- _Supplied data_
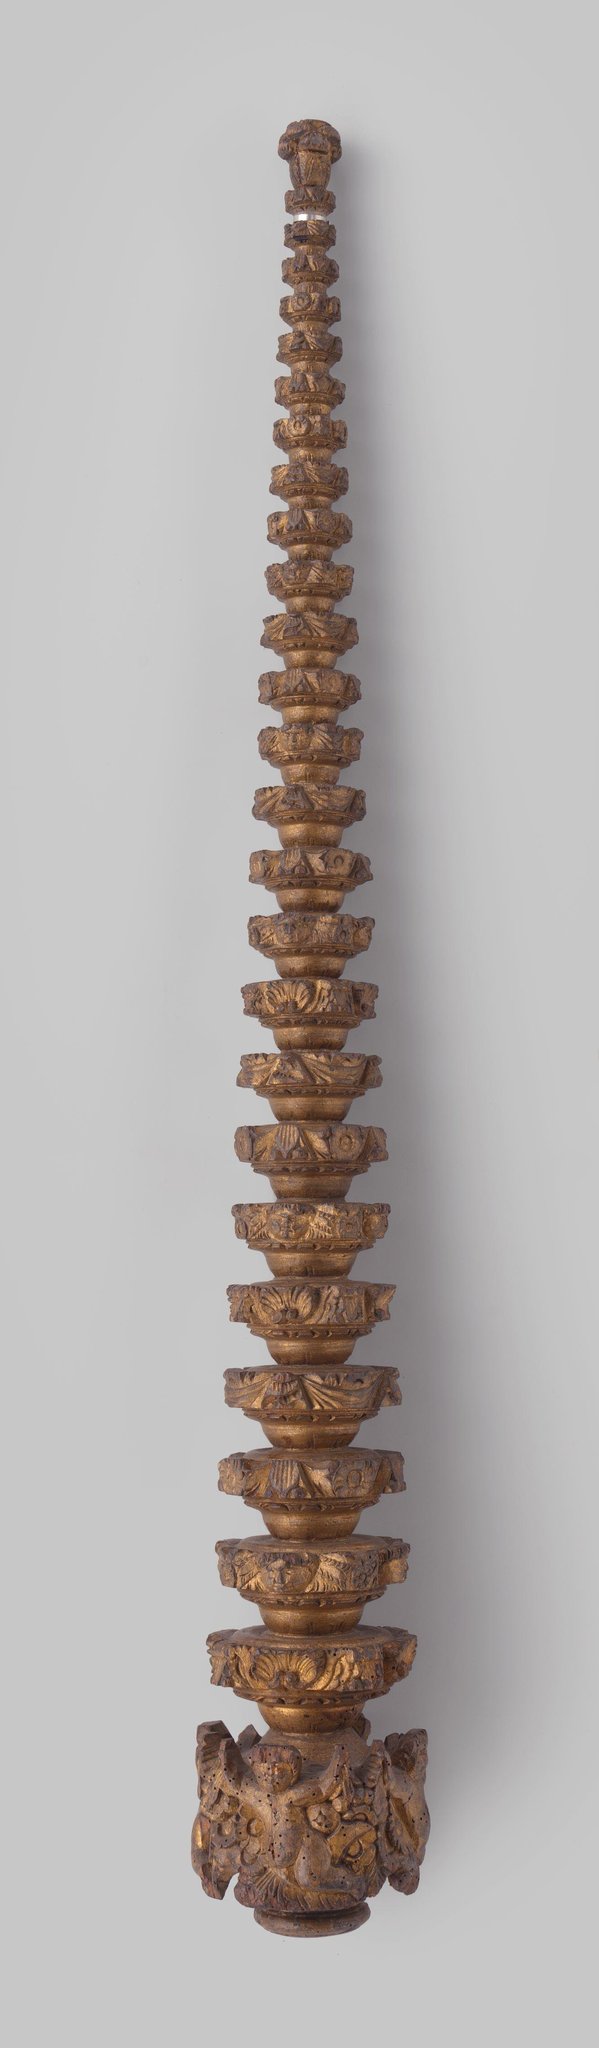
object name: mastwortel
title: Mastwortel van een boeier
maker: Anonymous
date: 1700-1800
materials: iron, wood
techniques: cutting, gilding, turning
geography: netherlands
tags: netherlands
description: Vergulde mastwortel met 16 geledingen. De onderste (beschadigd) bestaat uit 4 putti met de armen omhoog, de anderen uit gestileerde plantmotieven. De 3e, 7e, 11e, 14e en 17e zijn voorzien van 4 puttikopjes. Onderin rond gat; bovenaan bekroning van bosje veren.

- _Task directions_
Without the pictures, transcribe the listing exactly as it stands.

- _Task response_
object name: mastwortel
title: Mastwortel van een boeier
maker: Anonymous
date: 1700-1800
materials: iron, wood
techniques: cutting, gilding, turning
geography: netherlands
tags: netherlands
description: Vergulde mastwortel met 16 geledingen. De onderste (beschadigd) bestaat uit 4 putti met de armen omhoog, de anderen uit gestileerde plantmotieven. De 3e, 7e, 11e, 14e en 17e zijn voorzien van 4 puttikopjes. Onderin rond gat; bovenaan bekroning van bosje veren.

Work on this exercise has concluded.